MOFA got a lot of face time too, but it appears to have been all about the Korean Peninsula, with the Six-Party Talks/North-South Summit simulcast going on. The MOD administrative vice minister got an appointment, but that appears to be it for the OEF-MIO refueling extension battle. It's now mostly political, and the battle lines have been clearly drawn.
He takes care of the media. I'm sure that Prime Minister Abe did those meetings before the Diet session as well. Still, it's a good thing for his administration.

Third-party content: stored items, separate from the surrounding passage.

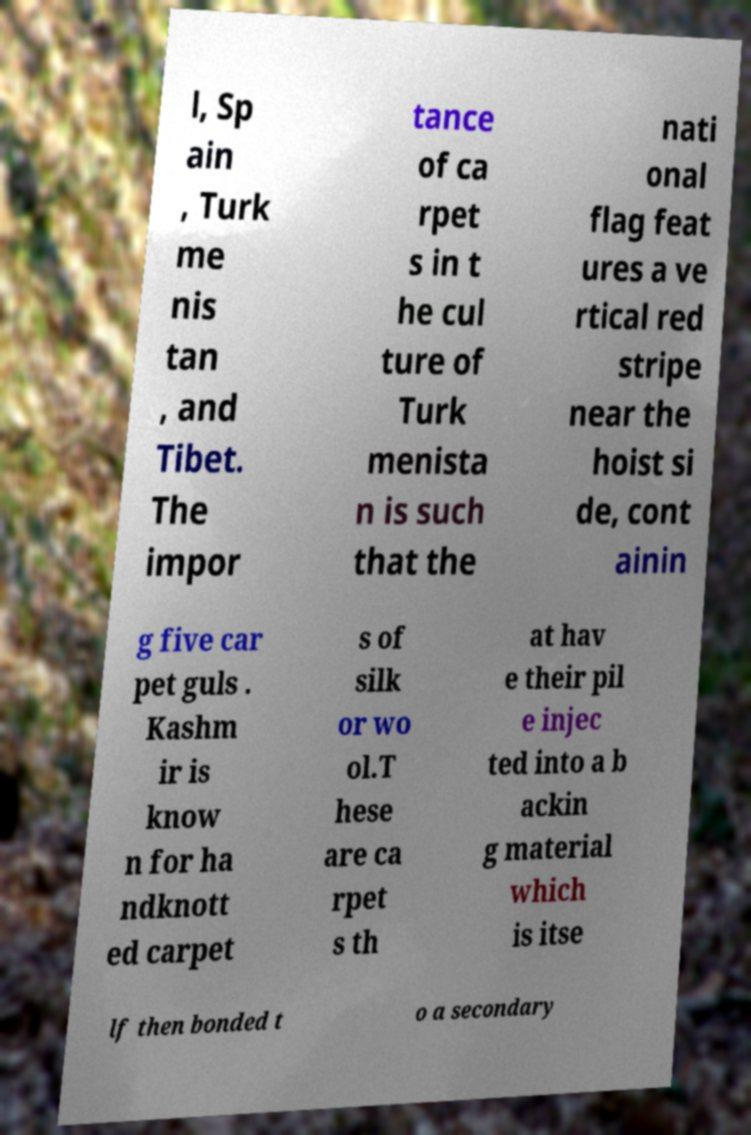Please identify and transcribe the text found in this image. l, Sp ain , Turk me nis tan , and Tibet. The impor tance of ca rpet s in t he cul ture of Turk menista n is such that the nati onal flag feat ures a ve rtical red stripe near the hoist si de, cont ainin g five car pet guls . Kashm ir is know n for ha ndknott ed carpet s of silk or wo ol.T hese are ca rpet s th at hav e their pil e injec ted into a b ackin g material which is itse lf then bonded t o a secondary 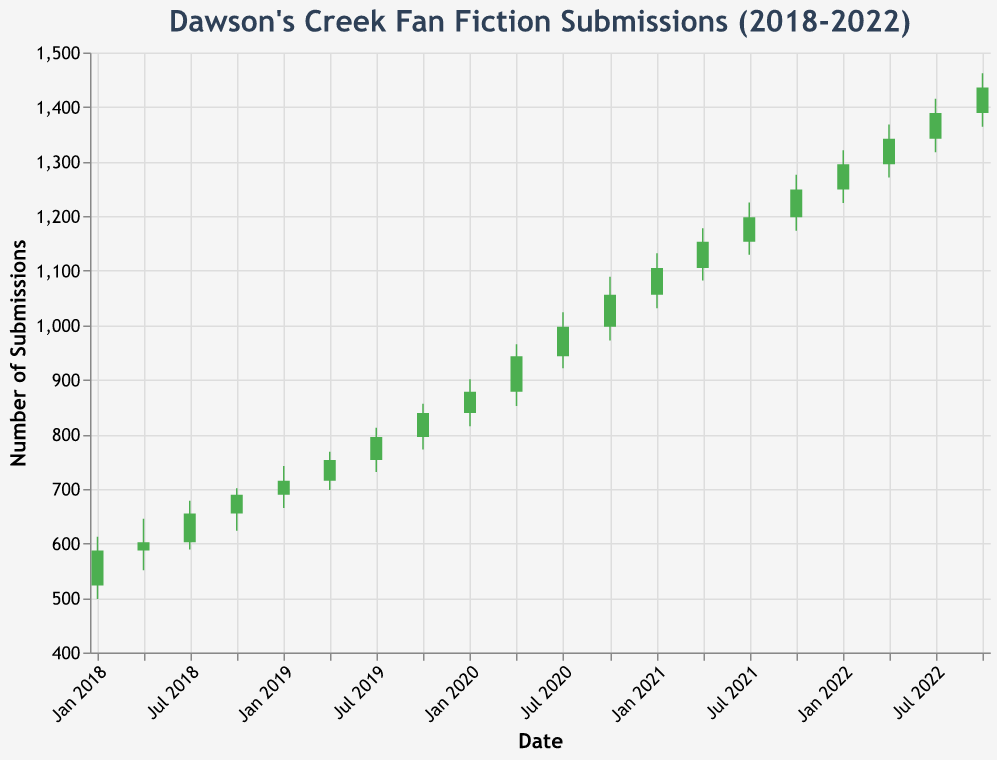What is the title of the figure? The title is located at the top of the chart and describes what the chart is about.
Answer: Dawson's Creek Fan Fiction Submissions (2018-2022) How many data points are plotted on the chart? Each time point has an Open, High, Low, and Close value, and there are a total of 19 points ranging from Jan 2018 to Oct 2022.
Answer: 19 Between which two dates did the number of submissions increase the most? By comparing the Close value of each date with the next, we can see the largest increase happens between Oct 2021 (1249) and Jan 2022 (1295), showing an increase of 46 submissions.
Answer: Between Oct 2021 and Jan 2022 What is the highest number of submissions recorded in the chart? To find this, look at the High values across all points which show the peak values reached.
Answer: 1462 Between Jul 2020 and Oct 2020, was there an increase or decrease in the Close value? By comparing the Close value of Jul 2020 (997) and Oct 2020 (1056), we can see the Close value increased.
Answer: Increase What was the Open value in April 2018? The Open value for each date is given directly in the data series; look for Apr 2018.
Answer: 587 Calculate the average High value for the year 2022. Sum the High values for Jan 2022 (1321), Apr 2022 (1368), Jul 2022 (1415), and Oct 2022 (1462), then divide by 4.
Answer: 1391.5 Was there any instance where the Close value was lower than the Open value? Check for any occurrences where the Close is less than the Open in the dataset. Apr 2018, for instance, had an Open of 587 and a Close of 602.
Answer: No During which month and year did the submissions first surpass 1000? Compare the High values across all dates to see the point where it exceeds 1000. It happens in Jul 2020 (1024).
Answer: Jul 2020 Identify the period where the Close values consistently increased for the longest span of time. Look for the longest consecutive period where the Close for each subsequent time point is higher than the previous. This happens from Jan 2018 (587) to Oct 2022 (1436).
Answer: Jan 2018 to Oct 2022 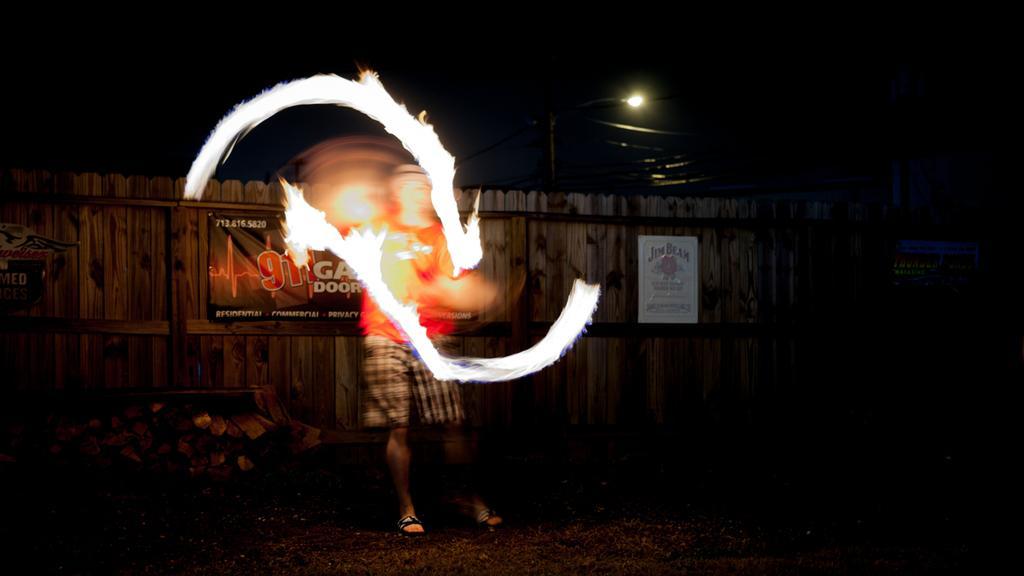How would you summarize this image in a sentence or two? It is an edited image, where we can see a person, posters and a lamp. 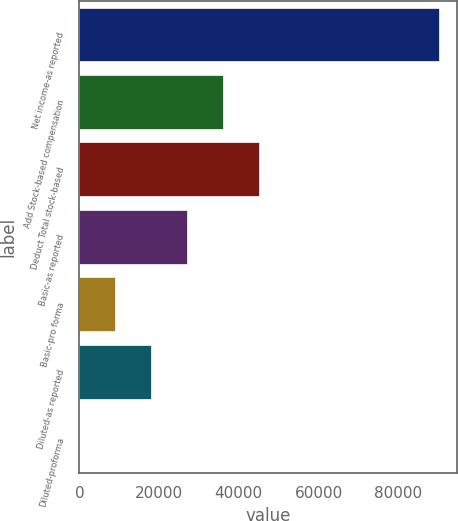<chart> <loc_0><loc_0><loc_500><loc_500><bar_chart><fcel>Net income-as reported<fcel>Add Stock-based compensation<fcel>Deduct Total stock-based<fcel>Basic-as reported<fcel>Basic-pro forma<fcel>Diluted-as reported<fcel>Diluted-proforma<nl><fcel>90313<fcel>36125.4<fcel>45156.7<fcel>27094.2<fcel>9031.67<fcel>18062.9<fcel>0.41<nl></chart> 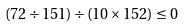Convert formula to latex. <formula><loc_0><loc_0><loc_500><loc_500>( 7 2 \div 1 5 1 ) \div ( 1 0 \times 1 5 2 ) \leq 0</formula> 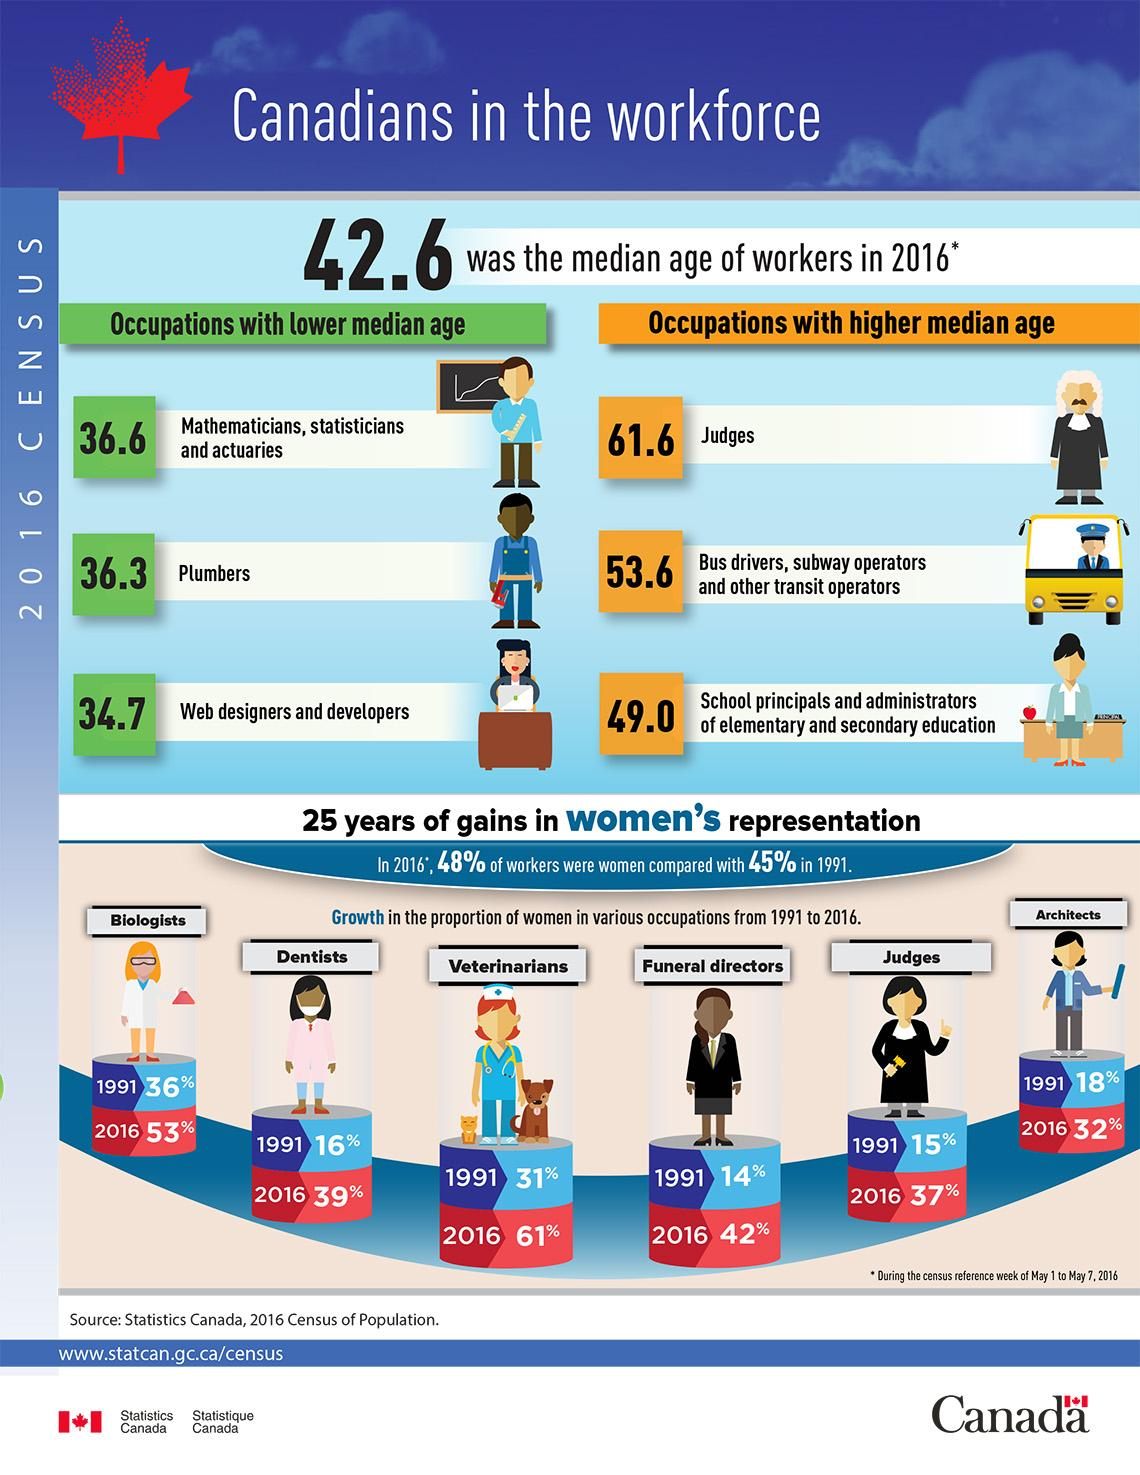List a handful of essential elements in this visual. According to data from 2016, judges were the occupation with the highest median age in Canada. The median age of plumbers in Canada was 36.3 years in 2016. In 1991, approximately 31% of Canadian women were veterinarians. In 2016, it was reported that 32% of women in Canada were architects. In 2016, it was reported that 39% of women in Canada were dentists. 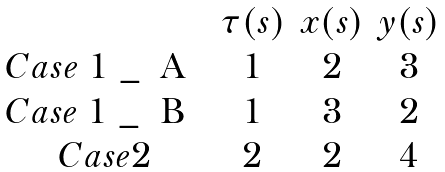<formula> <loc_0><loc_0><loc_500><loc_500>\begin{matrix} & \tau ( s ) & x ( s ) & y ( s ) \\ C a s e $ 1 _ { A } $ & 1 & 2 & 3 \\ C a s e $ 1 _ { B } $ & 1 & 3 & 2 \\ C a s e 2 & 2 & 2 & 4 \\ \end{matrix}</formula> 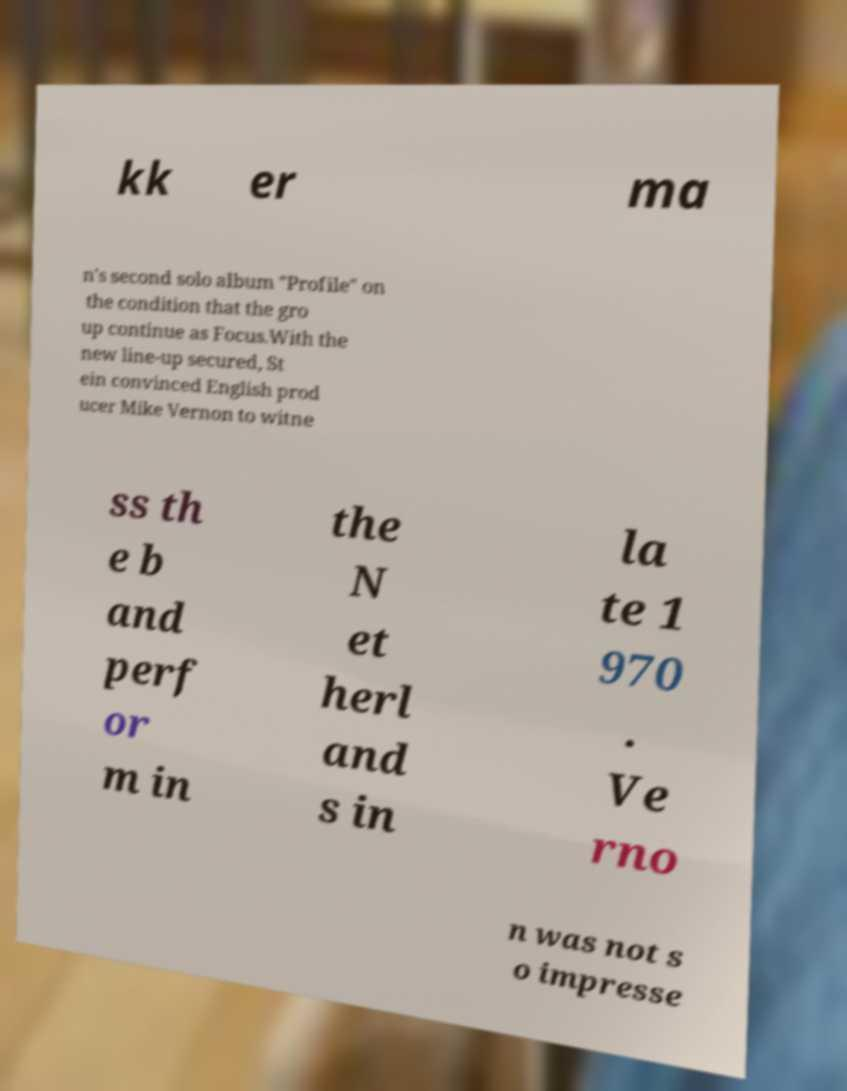Could you assist in decoding the text presented in this image and type it out clearly? kk er ma n's second solo album "Profile" on the condition that the gro up continue as Focus.With the new line-up secured, St ein convinced English prod ucer Mike Vernon to witne ss th e b and perf or m in the N et herl and s in la te 1 970 . Ve rno n was not s o impresse

And he hates the Official Residence. Didn't Prime Minister Abe used to live there? And Mr. Koizumi?
As I said, there's still Saturday, and Mr. Fukuda just might decide to hop over to the Official Residence today to get away from his wife and text message
But I don't think so.
(note) For the Japanese-literate, the Tokyo Shinbun provides a couple of weeks full.
BTW, does anyone know why the PM's Office stopped posting the full itinerary? Prime Minister Obuchi's can still be found on the PM Office server for curious searchers.
ADD. Mr. Fukuda did not go to his Official Residence, nor did he text message (or dance the rumba with) Yoshiko Sakurai. He did not pull an all-nighter with the ambassador and his friends either. Instead, he spent a quiet Saturday at his private residence.